Objectives: Statistical significance does not equal clinical significance. This study looked at how frequently statistically significant results in the nuclear medicine literature are clinically relevant. Methods: A medline search was performed with results limited to clinical trials or randomized controlled trials, published in one of the major nuclear medicine journals. Articles analyzed were limited to those reporting continuous variables where a mean (X) and standard deviation (SD) were reported and determined to be statistically significant (p < 0.05). A total of 32 test results were evaluated. Clinical relevance was determined in a two-step fashion. First, the crossover point between group 1 (normal) and group 2 (abnormal) was determined. This is the the point at which a variable is just as likely to fall in the normal distrubution as the abnormal distribution. Jacobson's test for clinically significant change was used: crossover point = (SD1 * X2 + SD2 * X1) / (SD1 + SD2). It was then determined how many SD's from the mean this crossover point fell. For example, 13.9 +/- 4.5 compared to 9.2 +/- 2.1 was reported as statistically significant (p < 0.05).

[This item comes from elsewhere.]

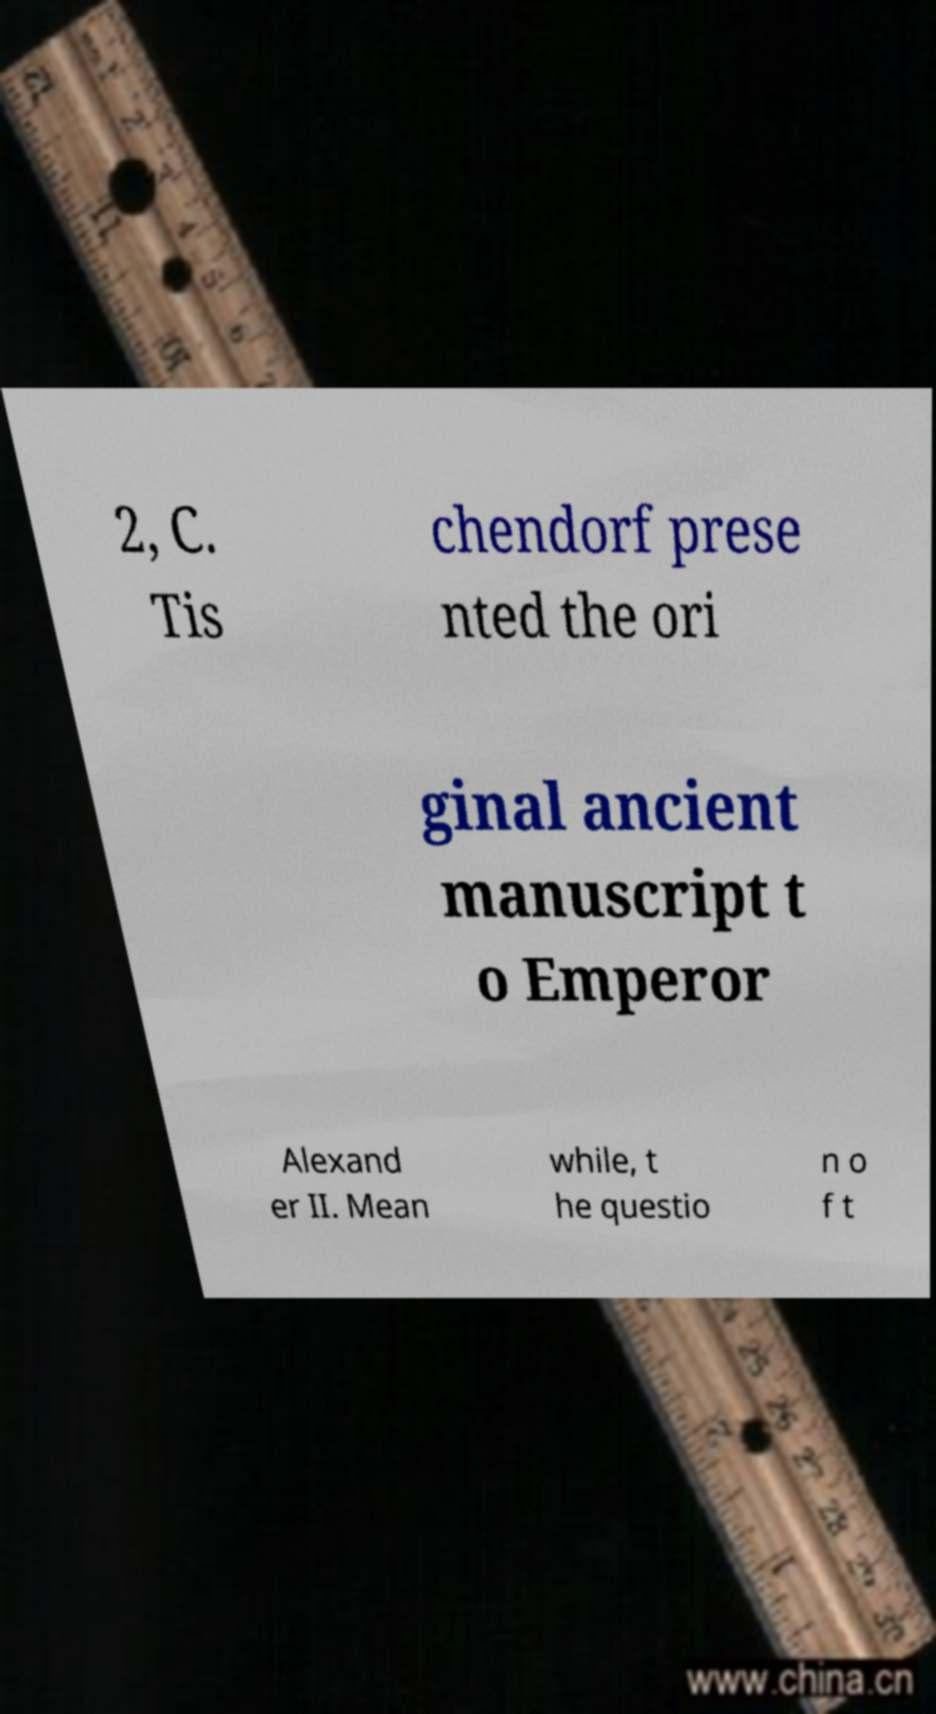Can you accurately transcribe the text from the provided image for me? 2, C. Tis chendorf prese nted the ori ginal ancient manuscript t o Emperor Alexand er II. Mean while, t he questio n o f t

The crossover point is 10.7, which equals 0.71 std from the mean: 13.9 - (0.71*4.5) = 9.2 + (0.71*2.1).   Results: The average crossover point was 0.66 SD's from the mean. The crossover point was within 1 SD from the mean in 26/32 cases, and in these cases averaged 0.45 SD. Thus, for 4 out of 5 statistically significant results, when applied to an individual patient, the cut-off between normal and abnormal was 0.45 SD from the mean. This results in a third of normal patients falling into an abnormal category. Conclusions: Statistically significant results frequently are not clinically significant. Statistical significance alone does not ensure clinical relevance.